State of the Market: Directors' & Officers' Liability

The marketplace for directors' and officers’ liability insurance is changing, but what those changes ultimately will mean is not yet clear. In a classic case of cause and effect, litigation and losses that have been pressuring D&O insurers for some time are prompting underwriters to raise rates, tighten terms and conditions, and cut capacity. D&O for public companies has changed dramatically, and financial pressures are now forcing changes to coverage for private and nonprofit organizations as well.

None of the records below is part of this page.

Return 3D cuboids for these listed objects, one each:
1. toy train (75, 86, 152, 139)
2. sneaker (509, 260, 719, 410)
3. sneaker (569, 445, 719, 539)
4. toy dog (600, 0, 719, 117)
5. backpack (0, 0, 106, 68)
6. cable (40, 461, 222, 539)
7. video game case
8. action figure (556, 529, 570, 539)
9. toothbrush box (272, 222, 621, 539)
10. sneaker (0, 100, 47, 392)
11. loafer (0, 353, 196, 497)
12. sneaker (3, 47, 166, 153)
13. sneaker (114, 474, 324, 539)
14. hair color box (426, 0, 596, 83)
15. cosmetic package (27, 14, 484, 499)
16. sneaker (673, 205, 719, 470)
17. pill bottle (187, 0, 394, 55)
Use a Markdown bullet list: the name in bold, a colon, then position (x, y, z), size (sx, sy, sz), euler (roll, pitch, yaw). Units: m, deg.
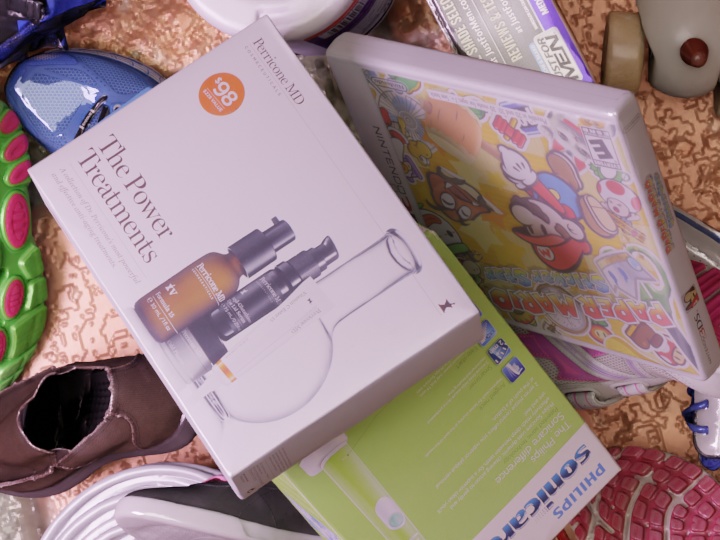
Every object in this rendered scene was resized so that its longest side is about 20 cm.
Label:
- **toy train**: position (-0.083, -0.006, 1.482), size (0.087, 0.114, 0.200), euler (-37, 118, -11)
- **sneaker**: position (0.145, 0.038, 1.494), size (0.200, 0.081, 0.088), euler (24, 122, 41)
- **sneaker**: position (0.210, 0.171, 1.546), size (0.200, 0.075, 0.081), euler (26, 77, 19)
- **toy dog**: position (0.189, -0.181, 1.516), size (0.132, 0.096, 0.201), euler (-14, 92, -3)
- **backpack**: position (-0.222, -0.191, 1.551), size (0.200, 0.168, 0.163), euler (-27, 87, 42)
- **cable**: position (-0.106, 0.214, 1.594), size (0.199, 0.069, 0.201), euler (12, 93, 8)
- **video game case**: position (0.085, -0.034, 1.397), size (0.200, 0.182, 0.023), euler (16, 51, 41)
- **action figure**: position (0.091, 0.161, 1.574), size (0.065, 0.052, 0.200), euler (-26, 90, 3)
- **toothbrush box**: position (0.024, 0.083, 1.447), size (0.146, 0.086, 0.200), euler (-45, 119, -9)
- **sneaker**: position (-0.240, -0.012, 1.612), size (0.084, 0.077, 0.201), euler (14, 105, 45)
- **loafer**: position (-0.177, 0.083, 1.559), size (0.200, 0.071, 0.073), euler (-22, 64, 42)
- **sneaker**: position (-0.122, -0.073, 1.574), size (0.200, 0.089, 0.079), euler (27, 95, 6)
- **sneaker**: position (-0.048, 0.117, 1.526), size (0.200, 0.071, 0.099), euler (9, 73, -27)
- **hair color box**: position (0.084, -0.132, 1.485), size (0.065, 0.200, 0.110), euler (-28, 88, 7)
- **cosmetic package**: position (-0.054, -0.009, 1.355), size (0.151, 0.052, 0.200), euler (-33, 72, -7)
- **sneaker**: position (0.209, 0.049, 1.534), size (0.199, 0.081, 0.115), euler (37, 95, 4)
- **pill bottle**: position (-0.035, -0.178, 1.501), size (0.111, 0.200, 0.112), euler (0, 92, 8)

The private company D&O marketplace is hardening overall, for the first time in many years. The last hard market for management liability lines occurred between 2001 and 2003, when rates for all classes of business went up. In 2019, however, changes are happening. Insurers are showing varying appetites, with some aggressively courting certain risks and others showing declining interest in quoting some industries, such as healthcare. Insurers also are willing to walk away if they are unable to get their desired rates.

What that means for retail agents and their insureds is the D&O marketplace is becoming more complex and difficult to navigate. Generally, insurers are seeking higher rates for both private and public company risks:

  • Private companies: 5% to 15% increases, depending on geography
  • Public companies: 25% increases, with 25% to 35% or even higher on accounts with prior losses or difficult financial conditions

The majority of accounts will need to explore the marketplace to obtain the broadest coverage and best pricing for their D&O programs.


D&O insurance is designed to respond to a wide range of claims against individual directors' and officers'. Liability can arise from claims including the organization’s financial performance, mismanagement, failure to comply with regulations or laws, employment practices, and even cyber events. Publicly traded companies have the additional risk of facing lawsuits over their reported earnings and stock performance.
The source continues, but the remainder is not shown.